Over the last decade, the cost of solar panels has dr ...



In [None]:
# 2) Split into chunks
from langchain_text_splitters import CharacterTextSplitter

text_splitter = CharacterTextSplitter(chunk_size=200, chunk_overlap=20)
chunked_docs = text_splitter.split_documents(docs)
print(f"Created {len(chunked_docs)} chunk(s).")
print("First chunk preview:\n", chunked_docs[0].page_content[:150], "...\n")

Created 1 chunk(s).
First chunk preview:
 Solar energy is one of the most promising renewable energy sources today.
It converts sunlight directly into electricity using photovoltaic cells.
Over the last decade, the cost of solar panels has dr ...



In [6]:
# 3) Create embeddings
from langchain_openai import OpenAIEmbeddings

embeddings = OpenAIEmbeddings()
print("Embeddings model ready.")

Embeddings model ready.


In [7]:
# 4) Index in a vector store (Chroma)
from langchain_chroma import Chroma

# You can also persist to disk by passing a persist_directory
vector_db = Chroma.from_documents(documents=chunked_docs, embedding=embeddings)
print("Chroma index built.")

Chroma index built.


## 5) Similarity search

When you search, the **query** is embedded and compared against the stored vectors. The store returns the **most similar** chunks.

In [8]:
question = "What technologies are used to generate renewable energy?"
results = vector_db.similarity_search(question, k=3)

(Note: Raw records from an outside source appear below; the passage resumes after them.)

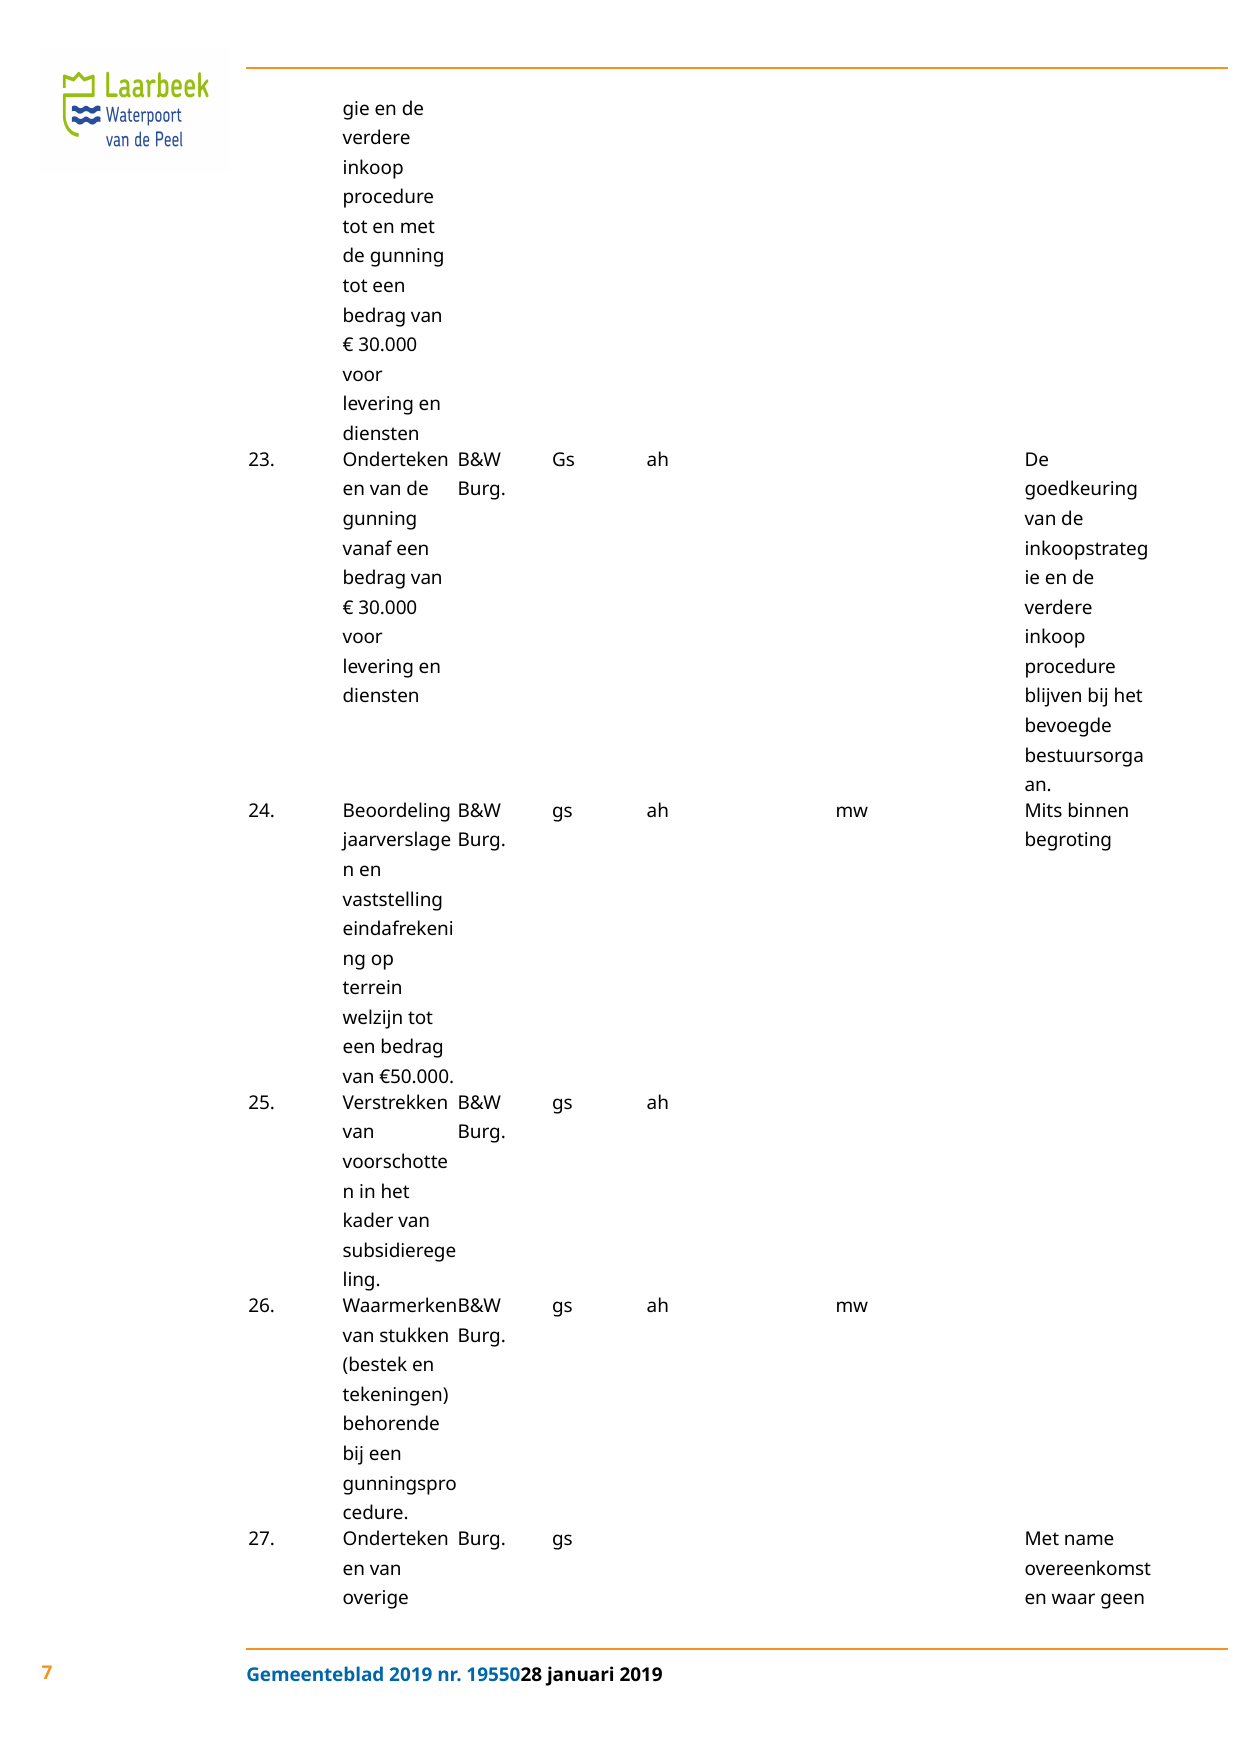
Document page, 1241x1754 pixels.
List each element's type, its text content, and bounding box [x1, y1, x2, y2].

table_cell [930, 1292, 1024, 1525]
table_cell [646, 95, 741, 446]
table_cell Met name overeenkomsten waar geen [1024, 1525, 1152, 1610]
table_cell 23. [248, 446, 342, 797]
table_cell [1024, 95, 1152, 446]
table_cell De goedkeuring van de inkoopstrategie en de verdere inkoop procedure blijven bij het bevoegde bestuursorgaan. [1024, 446, 1152, 797]
table_cell mw [835, 797, 930, 1089]
table_cell B&W Burg. [458, 1292, 552, 1525]
table_cell gs [552, 1089, 646, 1292]
table_cell ah [646, 1292, 741, 1525]
table_cell Waarmerken van stukken (bestek en tekeningen) behorende bij een gunningsprocedure. [343, 1292, 457, 1525]
table_cell [458, 95, 552, 446]
table_cell [930, 1525, 1024, 1610]
table_cell [835, 446, 930, 797]
table_cell ah [646, 797, 741, 1089]
table_cell [930, 1089, 1024, 1292]
table_cell B&W Burg. [458, 446, 552, 797]
table_cell [1024, 1089, 1152, 1292]
table_cell 27. [248, 1525, 342, 1610]
table_cell B&W Burg. [458, 1089, 552, 1292]
table_cell Ondertekenen van overige [343, 1525, 457, 1610]
table_cell [741, 1292, 835, 1525]
table_cell [248, 95, 342, 446]
table_cell [930, 95, 1024, 446]
table_cell [930, 797, 1024, 1089]
table_cell [741, 95, 835, 446]
table_cell [741, 1089, 835, 1292]
table_cell Beoordeling jaarverslagen en vaststelling eindafrekening op terrein welzijn tot een bedrag van €50.000. [343, 797, 457, 1089]
table_cell Mits binnen begroting [1024, 797, 1152, 1089]
table_cell 24. [248, 797, 342, 1089]
table_cell [835, 1525, 930, 1610]
table_cell Ondertekenen van de gunning vanaf een bedrag van € 30.000 voor levering en diensten [343, 446, 457, 797]
table_cell [835, 1089, 930, 1292]
table_cell 25. [248, 1089, 342, 1292]
table_cell [741, 446, 835, 797]
table_cell gs [552, 797, 646, 1089]
table_cell [552, 95, 646, 446]
table_cell [1024, 1292, 1152, 1525]
table_cell [741, 1525, 835, 1610]
table_cell ah [646, 446, 741, 797]
picture [41, 47, 231, 172]
table_cell Burg. [458, 1525, 552, 1610]
table_cell [930, 446, 1024, 797]
table_cell [741, 797, 835, 1089]
table_cell gs [552, 1292, 646, 1525]
table_cell mw [835, 1292, 930, 1525]
table_cell gie en de verdere inkoop procedure tot en met de gunning tot een bedrag van € 30.000 voor levering en diensten [343, 95, 457, 446]
table_cell B&W Burg. [458, 797, 552, 1089]
table_cell 26. [248, 1292, 342, 1525]
table_cell gs [552, 1525, 646, 1610]
table_cell [835, 95, 930, 446]
table_cell ah [646, 1089, 741, 1292]
table_cell Verstrekken van voorschotten in het kader van subsidieregeling. [343, 1089, 457, 1292]
table_cell [646, 1525, 741, 1610]
table_cell Gs [552, 446, 646, 797]

for i, doc in enumerate(results, 1):
    print(f"[{i}]\n{doc.page_content}\n---")

[1]
Solar energy is one of the most promising renewable energy sources today.
It converts sunlight directly into electricity using photovoltaic cells.
Over the last decade, the cost of solar panels has dropped by nearly 80%.

Wind energy, on the other hand, uses turbines to transform the kinetic energy
of air currents into mechanical power, which can then be converted into electricity.

Both solar and wind energy play a crucial role in reducing greenhouse gas emissions.
Governments around the world are investing heavily in renewable technologies
to achieve carbon neutrality by 2050.

However, renewable energy sources are intermittent. This is why new research
focuses on improving energy storage systems, such as lithium-ion and solid-state batteries.
---


### Interpreting the result

For the query:

> *What technologies are used to generate renewable energy?*

A typical retrieved passage might be:

```
Solar energy converts sunlight directly into electricity using photovoltaic cells.
Wind energy uses turbines to harness air currents and generate mechanical power.
Both technologies play a key role in reducing greenhouse gas emissions worldwide.
```

Notice it found the **semantically relevant** passage, even without exact keyword matching.

## Why a Vector Store is useful

- **Semantic search:** Find what the text *means*, not only exact words.
- **Scale:** Handles thousands to millions of chunks.
- **Speed:** Optimized for vector similarity.
- **Use cases:**
  - Chatbots with document memory.
  - RAG (Retrieval-Augmented Generation) pipelines.
  - Internal search engines.
  - Knowledge analysis at scale.

## Summary

- Vector stores keep **embeddings** and support **fast semantic search**.
- The basic pipeline is: **load → split → embed → index → search**.
- You’ve built a tiny but complete retrieval flow using **Chroma**.

Next steps: wire this retrieval step into a **RAG** chain and feed retrieved chunks into an LLM prompt.